The Housing First method he pioneered some three decades ago has proven to be among the most effective responses to homelessness, and is in use throughout the United States and other countries.
Colburn, a housing and homelessness researcher in Seattle, set out to dispel the narrative he saw in daily news headlines trying to explain the burgeoning homeless populations in many American cities: It’s drug use or mental illness, it’s individuals’ failings and shortcomings, it’s worse in places with high poverty and unemployment, it’s because of liberal social safety nets provided by Democratic mayors and city councils.
What Colburn and a colleague found, instead, is that it’s none of those things. “The primary driver of why a community has high rates of homelessness is access to housing,” Colburn told Asheville Watchdog.
“Homelessness is a Housing Problem,” a 2022 book by Colburn and Clayton Page Aldern, is a playbook for local governments to adopt long-term solutions to homelessness.
Cities and counties with the highest per capita homeless rates, the authors write, are places where rental vacancies are low and rents are high.
Places like Asheville.
What causes homelessness, and what doesn’t
Much of the money spent by local governments on homelessness is “a response to the crisis,” Colburn said. “It’s not in any way ending the crisis.”
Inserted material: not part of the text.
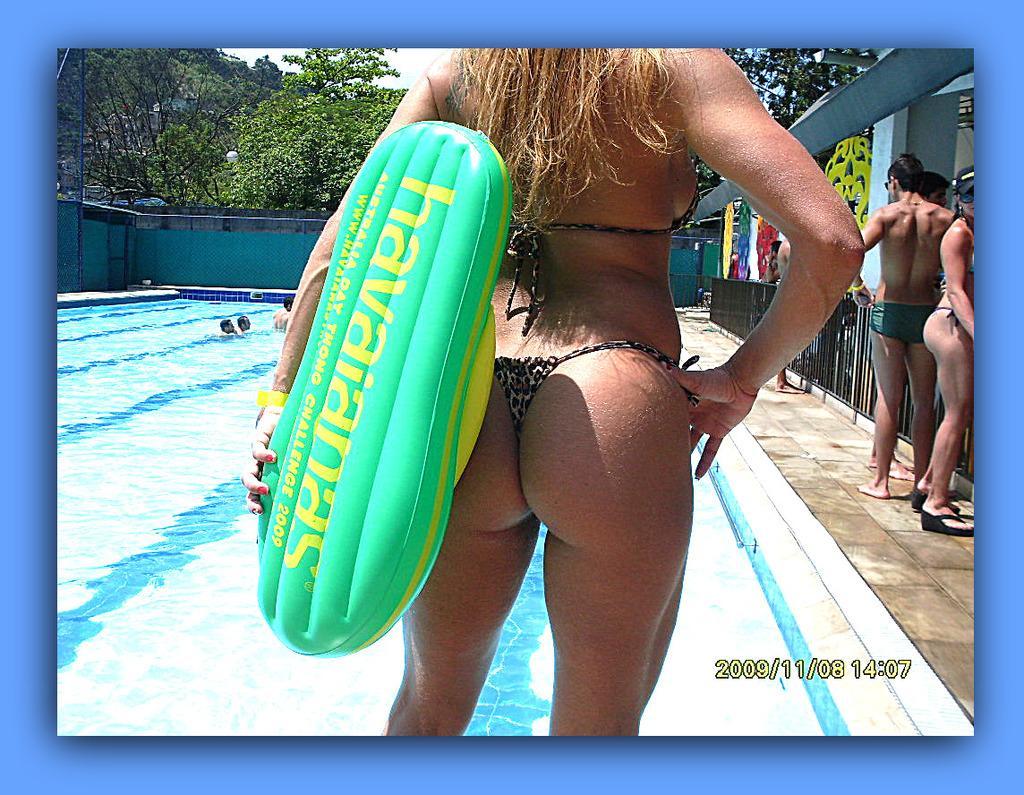How would you summarize this image in a sentence or two? In the foreground of this image, there is a woman holding an inflatable object. In the background, there is a swimming pool in which there are few people. On the right, there are few people standing on the path. We can also see a railing, wall and trees in the background.

In Buncombe County, Asheville Watchdog calculated, more than $20 million is spent on homeless services each year for a homeless population that as of the January 2023 point-in-time census totaled 573 people.
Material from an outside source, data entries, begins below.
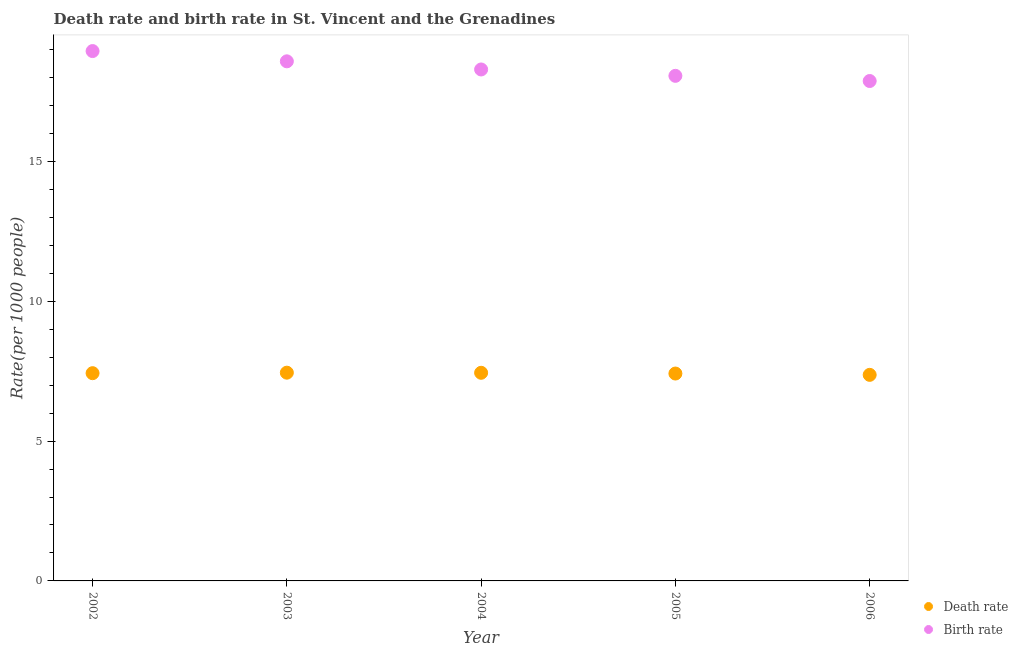How many different coloured dotlines are there?
Make the answer very short. 2. What is the death rate in 2006?
Ensure brevity in your answer.  7.37. Across all years, what is the maximum birth rate?
Your response must be concise. 18.95. Across all years, what is the minimum birth rate?
Make the answer very short. 17.88. What is the total death rate in the graph?
Your response must be concise. 37.1. What is the difference between the birth rate in 2003 and that in 2005?
Provide a short and direct response. 0.52. What is the difference between the birth rate in 2006 and the death rate in 2005?
Offer a terse response. 10.46. What is the average death rate per year?
Provide a succinct answer. 7.42. In the year 2003, what is the difference between the death rate and birth rate?
Keep it short and to the point. -11.13. What is the ratio of the birth rate in 2002 to that in 2005?
Make the answer very short. 1.05. Is the death rate in 2003 less than that in 2004?
Offer a terse response. No. What is the difference between the highest and the second highest death rate?
Your response must be concise. 0. What is the difference between the highest and the lowest death rate?
Your answer should be very brief. 0.08. In how many years, is the death rate greater than the average death rate taken over all years?
Offer a terse response. 3. Does the birth rate monotonically increase over the years?
Offer a very short reply. No. Is the birth rate strictly greater than the death rate over the years?
Offer a terse response. Yes. Is the birth rate strictly less than the death rate over the years?
Provide a short and direct response. No. How many dotlines are there?
Your response must be concise. 2. What is the difference between two consecutive major ticks on the Y-axis?
Provide a short and direct response. 5. Are the values on the major ticks of Y-axis written in scientific E-notation?
Keep it short and to the point. No. Does the graph contain any zero values?
Offer a very short reply. No. Does the graph contain grids?
Your answer should be compact. No. Where does the legend appear in the graph?
Provide a succinct answer. Bottom right. How are the legend labels stacked?
Make the answer very short. Vertical. What is the title of the graph?
Give a very brief answer. Death rate and birth rate in St. Vincent and the Grenadines. Does "Crop" appear as one of the legend labels in the graph?
Provide a short and direct response. No. What is the label or title of the Y-axis?
Offer a terse response. Rate(per 1000 people). What is the Rate(per 1000 people) of Death rate in 2002?
Offer a terse response. 7.43. What is the Rate(per 1000 people) in Birth rate in 2002?
Give a very brief answer. 18.95. What is the Rate(per 1000 people) of Death rate in 2003?
Give a very brief answer. 7.45. What is the Rate(per 1000 people) in Birth rate in 2003?
Provide a succinct answer. 18.58. What is the Rate(per 1000 people) of Death rate in 2004?
Your response must be concise. 7.44. What is the Rate(per 1000 people) of Birth rate in 2004?
Your answer should be very brief. 18.29. What is the Rate(per 1000 people) of Death rate in 2005?
Your answer should be compact. 7.42. What is the Rate(per 1000 people) in Birth rate in 2005?
Your answer should be compact. 18.06. What is the Rate(per 1000 people) in Death rate in 2006?
Keep it short and to the point. 7.37. What is the Rate(per 1000 people) in Birth rate in 2006?
Your answer should be very brief. 17.88. Across all years, what is the maximum Rate(per 1000 people) of Death rate?
Ensure brevity in your answer.  7.45. Across all years, what is the maximum Rate(per 1000 people) of Birth rate?
Provide a short and direct response. 18.95. Across all years, what is the minimum Rate(per 1000 people) of Death rate?
Offer a very short reply. 7.37. Across all years, what is the minimum Rate(per 1000 people) in Birth rate?
Offer a terse response. 17.88. What is the total Rate(per 1000 people) of Death rate in the graph?
Provide a short and direct response. 37.1. What is the total Rate(per 1000 people) in Birth rate in the graph?
Make the answer very short. 91.76. What is the difference between the Rate(per 1000 people) of Death rate in 2002 and that in 2003?
Keep it short and to the point. -0.02. What is the difference between the Rate(per 1000 people) of Birth rate in 2002 and that in 2003?
Keep it short and to the point. 0.37. What is the difference between the Rate(per 1000 people) in Death rate in 2002 and that in 2004?
Provide a succinct answer. -0.01. What is the difference between the Rate(per 1000 people) in Birth rate in 2002 and that in 2004?
Offer a very short reply. 0.66. What is the difference between the Rate(per 1000 people) of Death rate in 2002 and that in 2005?
Your response must be concise. 0.01. What is the difference between the Rate(per 1000 people) in Birth rate in 2002 and that in 2005?
Ensure brevity in your answer.  0.89. What is the difference between the Rate(per 1000 people) of Death rate in 2002 and that in 2006?
Your response must be concise. 0.06. What is the difference between the Rate(per 1000 people) in Birth rate in 2002 and that in 2006?
Keep it short and to the point. 1.07. What is the difference between the Rate(per 1000 people) of Death rate in 2003 and that in 2004?
Keep it short and to the point. 0. What is the difference between the Rate(per 1000 people) of Birth rate in 2003 and that in 2004?
Ensure brevity in your answer.  0.29. What is the difference between the Rate(per 1000 people) of Death rate in 2003 and that in 2005?
Make the answer very short. 0.03. What is the difference between the Rate(per 1000 people) of Birth rate in 2003 and that in 2005?
Provide a succinct answer. 0.52. What is the difference between the Rate(per 1000 people) of Death rate in 2003 and that in 2006?
Your answer should be very brief. 0.08. What is the difference between the Rate(per 1000 people) in Birth rate in 2003 and that in 2006?
Provide a succinct answer. 0.7. What is the difference between the Rate(per 1000 people) in Death rate in 2004 and that in 2005?
Your answer should be compact. 0.03. What is the difference between the Rate(per 1000 people) of Birth rate in 2004 and that in 2005?
Your answer should be very brief. 0.23. What is the difference between the Rate(per 1000 people) of Death rate in 2004 and that in 2006?
Provide a succinct answer. 0.07. What is the difference between the Rate(per 1000 people) of Birth rate in 2004 and that in 2006?
Offer a very short reply. 0.41. What is the difference between the Rate(per 1000 people) of Death rate in 2005 and that in 2006?
Your answer should be compact. 0.05. What is the difference between the Rate(per 1000 people) of Birth rate in 2005 and that in 2006?
Your answer should be very brief. 0.18. What is the difference between the Rate(per 1000 people) of Death rate in 2002 and the Rate(per 1000 people) of Birth rate in 2003?
Your answer should be very brief. -11.15. What is the difference between the Rate(per 1000 people) of Death rate in 2002 and the Rate(per 1000 people) of Birth rate in 2004?
Provide a short and direct response. -10.86. What is the difference between the Rate(per 1000 people) of Death rate in 2002 and the Rate(per 1000 people) of Birth rate in 2005?
Make the answer very short. -10.63. What is the difference between the Rate(per 1000 people) of Death rate in 2002 and the Rate(per 1000 people) of Birth rate in 2006?
Your answer should be compact. -10.45. What is the difference between the Rate(per 1000 people) in Death rate in 2003 and the Rate(per 1000 people) in Birth rate in 2004?
Keep it short and to the point. -10.84. What is the difference between the Rate(per 1000 people) in Death rate in 2003 and the Rate(per 1000 people) in Birth rate in 2005?
Make the answer very short. -10.62. What is the difference between the Rate(per 1000 people) in Death rate in 2003 and the Rate(per 1000 people) in Birth rate in 2006?
Ensure brevity in your answer.  -10.43. What is the difference between the Rate(per 1000 people) of Death rate in 2004 and the Rate(per 1000 people) of Birth rate in 2005?
Offer a terse response. -10.62. What is the difference between the Rate(per 1000 people) in Death rate in 2004 and the Rate(per 1000 people) in Birth rate in 2006?
Your response must be concise. -10.43. What is the difference between the Rate(per 1000 people) of Death rate in 2005 and the Rate(per 1000 people) of Birth rate in 2006?
Your response must be concise. -10.46. What is the average Rate(per 1000 people) in Death rate per year?
Ensure brevity in your answer.  7.42. What is the average Rate(per 1000 people) of Birth rate per year?
Provide a succinct answer. 18.35. In the year 2002, what is the difference between the Rate(per 1000 people) of Death rate and Rate(per 1000 people) of Birth rate?
Provide a short and direct response. -11.52. In the year 2003, what is the difference between the Rate(per 1000 people) in Death rate and Rate(per 1000 people) in Birth rate?
Your answer should be compact. -11.13. In the year 2004, what is the difference between the Rate(per 1000 people) in Death rate and Rate(per 1000 people) in Birth rate?
Keep it short and to the point. -10.85. In the year 2005, what is the difference between the Rate(per 1000 people) in Death rate and Rate(per 1000 people) in Birth rate?
Ensure brevity in your answer.  -10.65. In the year 2006, what is the difference between the Rate(per 1000 people) of Death rate and Rate(per 1000 people) of Birth rate?
Provide a short and direct response. -10.51. What is the ratio of the Rate(per 1000 people) of Birth rate in 2002 to that in 2003?
Give a very brief answer. 1.02. What is the ratio of the Rate(per 1000 people) in Death rate in 2002 to that in 2004?
Your answer should be very brief. 1. What is the ratio of the Rate(per 1000 people) of Birth rate in 2002 to that in 2004?
Offer a terse response. 1.04. What is the ratio of the Rate(per 1000 people) in Death rate in 2002 to that in 2005?
Keep it short and to the point. 1. What is the ratio of the Rate(per 1000 people) in Birth rate in 2002 to that in 2005?
Ensure brevity in your answer.  1.05. What is the ratio of the Rate(per 1000 people) in Death rate in 2002 to that in 2006?
Keep it short and to the point. 1.01. What is the ratio of the Rate(per 1000 people) in Birth rate in 2002 to that in 2006?
Your answer should be very brief. 1.06. What is the ratio of the Rate(per 1000 people) of Birth rate in 2003 to that in 2004?
Provide a succinct answer. 1.02. What is the ratio of the Rate(per 1000 people) in Birth rate in 2003 to that in 2005?
Provide a short and direct response. 1.03. What is the ratio of the Rate(per 1000 people) in Death rate in 2003 to that in 2006?
Make the answer very short. 1.01. What is the ratio of the Rate(per 1000 people) of Birth rate in 2003 to that in 2006?
Keep it short and to the point. 1.04. What is the ratio of the Rate(per 1000 people) in Birth rate in 2004 to that in 2005?
Give a very brief answer. 1.01. What is the ratio of the Rate(per 1000 people) of Birth rate in 2004 to that in 2006?
Your answer should be compact. 1.02. What is the ratio of the Rate(per 1000 people) in Death rate in 2005 to that in 2006?
Offer a terse response. 1.01. What is the ratio of the Rate(per 1000 people) in Birth rate in 2005 to that in 2006?
Keep it short and to the point. 1.01. What is the difference between the highest and the second highest Rate(per 1000 people) of Death rate?
Ensure brevity in your answer.  0. What is the difference between the highest and the second highest Rate(per 1000 people) in Birth rate?
Offer a very short reply. 0.37. What is the difference between the highest and the lowest Rate(per 1000 people) of Death rate?
Ensure brevity in your answer.  0.08. What is the difference between the highest and the lowest Rate(per 1000 people) of Birth rate?
Provide a succinct answer. 1.07.

Colburn argues that local governments need to focus as much if not more on identifying and investing in approaches that prevent homelessness, and that requires a more accurate understanding of its causes.
In his book, Colburn, an assistant professor of real estate at the University of Washington who specializes in housing policy and homelessness, found there are “individual vulnerabilities,” including poverty, mental illness, addiction and domestic violence, that lead to homelessness. But they don’t explain why some cities’ homeless rates are so much higher than others.
To understand that, Colburn and his colleague examined homelessness in 30 of the largest metro areas in the United States. He described his findings to Asheville Watchdog:
Drugs/mental illness: “There are people using drugs and people who are experiencing mental illness in every jurisdiction in the country, and there’s not disproportionate numbers of people with those conditions in places with high rates of homelessness,” Colburn said. “People get really frustrated by this response. They say, ‘But I see these people on the street’ ” obviously on drugs or in crisis.
“Seattle has five times the per capita rate of homelessness as Chicago. There are people who are mentally ill and using drugs in Chicago, just as there are in Seattle. In Chicago, they’re finding housing at much higher rates than they are in Seattle. … If you fundamentally believe that this is a drug-driven crisis, you’ll need to explain for me why West Virginia, the home of the opioid epidemic in the United States, doesn’t have a huge problem with homelessness. [It’s] because people are finding housing.”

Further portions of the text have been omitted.